Work to be completed:
Given the listing below, reproduce all of it exactly.

Records supplied:
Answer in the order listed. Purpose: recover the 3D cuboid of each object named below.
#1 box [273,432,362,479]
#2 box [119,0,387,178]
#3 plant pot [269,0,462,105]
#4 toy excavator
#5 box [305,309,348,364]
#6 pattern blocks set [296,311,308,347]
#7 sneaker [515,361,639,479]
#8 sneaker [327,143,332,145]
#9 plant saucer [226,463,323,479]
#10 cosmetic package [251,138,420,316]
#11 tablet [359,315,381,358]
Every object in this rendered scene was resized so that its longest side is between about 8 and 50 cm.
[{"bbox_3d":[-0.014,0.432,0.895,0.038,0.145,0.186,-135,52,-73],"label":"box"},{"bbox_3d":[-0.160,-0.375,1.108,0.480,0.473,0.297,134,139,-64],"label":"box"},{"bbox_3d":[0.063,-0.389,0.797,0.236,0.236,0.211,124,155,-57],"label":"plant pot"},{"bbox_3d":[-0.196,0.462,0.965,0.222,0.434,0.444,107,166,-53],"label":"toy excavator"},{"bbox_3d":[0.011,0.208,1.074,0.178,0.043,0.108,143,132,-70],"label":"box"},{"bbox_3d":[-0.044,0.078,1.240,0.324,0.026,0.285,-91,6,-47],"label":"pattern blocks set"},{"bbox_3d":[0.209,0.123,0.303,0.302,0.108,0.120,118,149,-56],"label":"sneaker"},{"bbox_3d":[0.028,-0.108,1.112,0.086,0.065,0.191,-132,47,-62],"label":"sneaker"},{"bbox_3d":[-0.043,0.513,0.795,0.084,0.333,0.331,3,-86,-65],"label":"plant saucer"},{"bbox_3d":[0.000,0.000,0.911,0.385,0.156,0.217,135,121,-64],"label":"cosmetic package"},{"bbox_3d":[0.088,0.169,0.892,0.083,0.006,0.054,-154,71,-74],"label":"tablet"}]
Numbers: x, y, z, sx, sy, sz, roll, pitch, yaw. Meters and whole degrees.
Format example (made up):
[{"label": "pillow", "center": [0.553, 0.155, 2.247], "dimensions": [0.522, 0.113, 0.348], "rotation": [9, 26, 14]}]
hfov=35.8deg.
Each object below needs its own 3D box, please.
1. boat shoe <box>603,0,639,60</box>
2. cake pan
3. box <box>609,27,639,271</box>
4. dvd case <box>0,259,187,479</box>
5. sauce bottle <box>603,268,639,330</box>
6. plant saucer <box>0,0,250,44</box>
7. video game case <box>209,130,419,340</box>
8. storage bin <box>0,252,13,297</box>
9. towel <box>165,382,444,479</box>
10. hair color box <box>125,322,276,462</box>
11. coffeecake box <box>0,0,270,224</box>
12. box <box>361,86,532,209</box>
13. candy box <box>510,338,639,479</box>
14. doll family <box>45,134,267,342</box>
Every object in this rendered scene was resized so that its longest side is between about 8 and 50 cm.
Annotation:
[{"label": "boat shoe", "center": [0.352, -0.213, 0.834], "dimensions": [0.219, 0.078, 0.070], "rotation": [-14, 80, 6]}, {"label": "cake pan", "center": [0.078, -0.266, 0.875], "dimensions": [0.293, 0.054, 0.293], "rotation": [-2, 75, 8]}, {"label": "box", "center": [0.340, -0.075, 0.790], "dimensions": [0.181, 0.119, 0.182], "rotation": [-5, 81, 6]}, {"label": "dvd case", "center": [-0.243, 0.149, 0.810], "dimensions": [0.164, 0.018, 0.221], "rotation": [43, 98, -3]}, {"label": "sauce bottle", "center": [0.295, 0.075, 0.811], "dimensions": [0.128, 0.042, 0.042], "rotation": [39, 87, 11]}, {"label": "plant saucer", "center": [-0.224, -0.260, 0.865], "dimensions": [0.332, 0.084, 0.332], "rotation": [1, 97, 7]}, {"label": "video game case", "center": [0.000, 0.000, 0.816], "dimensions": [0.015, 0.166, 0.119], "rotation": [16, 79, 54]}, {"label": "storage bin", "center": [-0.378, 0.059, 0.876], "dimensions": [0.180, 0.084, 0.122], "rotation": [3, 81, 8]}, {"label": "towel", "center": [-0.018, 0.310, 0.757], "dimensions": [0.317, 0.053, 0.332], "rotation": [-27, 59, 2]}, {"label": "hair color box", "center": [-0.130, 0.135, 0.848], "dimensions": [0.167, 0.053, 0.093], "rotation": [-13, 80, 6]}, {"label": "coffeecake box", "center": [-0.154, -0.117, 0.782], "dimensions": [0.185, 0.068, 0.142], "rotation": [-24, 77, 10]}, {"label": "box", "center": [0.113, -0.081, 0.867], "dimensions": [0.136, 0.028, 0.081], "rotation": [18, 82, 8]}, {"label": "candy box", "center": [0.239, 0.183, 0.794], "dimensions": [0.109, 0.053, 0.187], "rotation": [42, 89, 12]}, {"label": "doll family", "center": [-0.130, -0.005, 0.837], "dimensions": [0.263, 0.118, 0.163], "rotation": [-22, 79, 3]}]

Exercise solution:
Answer in the order listed. Purpose: recover the 3D cuboid of each object named below.
#1 box [273,432,362,479]
#2 box [119,0,387,178]
#3 plant pot [269,0,462,105]
#4 toy excavator
#5 box [305,309,348,364]
#6 pattern blocks set [296,311,308,347]
#7 sneaker [515,361,639,479]
#8 sneaker [327,143,332,145]
#9 plant saucer [226,463,323,479]
#10 cosmetic package [251,138,420,316]
#11 tablet [359,315,381,358]
Every object in this rendered scene was resized so that its longest side is between about 8 and 50 cm.
[{"bbox_3d":[-0.014,0.432,0.895,0.038,0.145,0.186,-135,52,-73],"label":"box"},{"bbox_3d":[-0.160,-0.375,1.108,0.480,0.473,0.297,134,139,-64],"label":"box"},{"bbox_3d":[0.063,-0.389,0.797,0.236,0.236,0.211,124,155,-57],"label":"plant pot"},{"bbox_3d":[-0.196,0.462,0.965,0.222,0.434,0.444,107,166,-53],"label":"toy excavator"},{"bbox_3d":[0.011,0.208,1.074,0.178,0.043,0.108,143,132,-70],"label":"box"},{"bbox_3d":[-0.044,0.078,1.240,0.324,0.026,0.285,-91,6,-47],"label":"pattern blocks set"},{"bbox_3d":[0.209,0.123,0.303,0.302,0.108,0.120,118,149,-56],"label":"sneaker"},{"bbox_3d":[0.028,-0.108,1.112,0.086,0.065,0.191,-132,47,-62],"label":"sneaker"},{"bbox_3d":[-0.043,0.513,0.795,0.084,0.333,0.331,3,-86,-65],"label":"plant saucer"},{"bbox_3d":[0.000,0.000,0.911,0.385,0.156,0.217,135,121,-64],"label":"cosmetic package"},{"bbox_3d":[0.088,0.169,0.892,0.083,0.006,0.054,-154,71,-74],"label":"tablet"}]
Numbers: x, y, z, sx, sy, sz, roll, pitch, yaw. Meters and whole degrees.
Format example (made up):
[{"label": "pillow", "center": [0.553, 0.155, 2.247], "dimensions": [0.522, 0.113, 0.348], "rotation": [9, 26, 14]}]
hfov=35.8deg.
Each object below needs its own 3D box, please.
1. boat shoe <box>603,0,639,60</box>
2. cake pan
3. box <box>609,27,639,271</box>
4. dvd case <box>0,259,187,479</box>
5. sauce bottle <box>603,268,639,330</box>
6. plant saucer <box>0,0,250,44</box>
7. video game case <box>209,130,419,340</box>
8. storage bin <box>0,252,13,297</box>
9. towel <box>165,382,444,479</box>
10. hair color box <box>125,322,276,462</box>
11. coffeecake box <box>0,0,270,224</box>
12. box <box>361,86,532,209</box>
13. candy box <box>510,338,639,479</box>
14. doll family <box>45,134,267,342</box>
Every object in this rendered scene was resized so that its longest side is between about 8 and 50 cm.
Annotation:
[{"label": "boat shoe", "center": [0.352, -0.213, 0.834], "dimensions": [0.219, 0.078, 0.070], "rotation": [-14, 80, 6]}, {"label": "cake pan", "center": [0.078, -0.266, 0.875], "dimensions": [0.293, 0.054, 0.293], "rotation": [-2, 75, 8]}, {"label": "box", "center": [0.340, -0.075, 0.790], "dimensions": [0.181, 0.119, 0.182], "rotation": [-5, 81, 6]}, {"label": "dvd case", "center": [-0.243, 0.149, 0.810], "dimensions": [0.164, 0.018, 0.221], "rotation": [43, 98, -3]}, {"label": "sauce bottle", "center": [0.295, 0.075, 0.811], "dimensions": [0.128, 0.042, 0.042], "rotation": [39, 87, 11]}, {"label": "plant saucer", "center": [-0.224, -0.260, 0.865], "dimensions": [0.332, 0.084, 0.332], "rotation": [1, 97, 7]}, {"label": "video game case", "center": [0.000, 0.000, 0.816], "dimensions": [0.015, 0.166, 0.119], "rotation": [16, 79, 54]}, {"label": "storage bin", "center": [-0.378, 0.059, 0.876], "dimensions": [0.180, 0.084, 0.122], "rotation": [3, 81, 8]}, {"label": "towel", "center": [-0.018, 0.310, 0.757], "dimensions": [0.317, 0.053, 0.332], "rotation": [-27, 59, 2]}, {"label": "hair color box", "center": [-0.130, 0.135, 0.848], "dimensions": [0.167, 0.053, 0.093], "rotation": [-13, 80, 6]}, {"label": "coffeecake box", "center": [-0.154, -0.117, 0.782], "dimensions": [0.185, 0.068, 0.142], "rotation": [-24, 77, 10]}, {"label": "box", "center": [0.113, -0.081, 0.867], "dimensions": [0.136, 0.028, 0.081], "rotation": [18, 82, 8]}, {"label": "candy box", "center": [0.239, 0.183, 0.794], "dimensions": [0.109, 0.053, 0.187], "rotation": [42, 89, 12]}, {"label": "doll family", "center": [-0.130, -0.005, 0.837], "dimensions": [0.263, 0.118, 0.163], "rotation": [-22, 79, 3]}]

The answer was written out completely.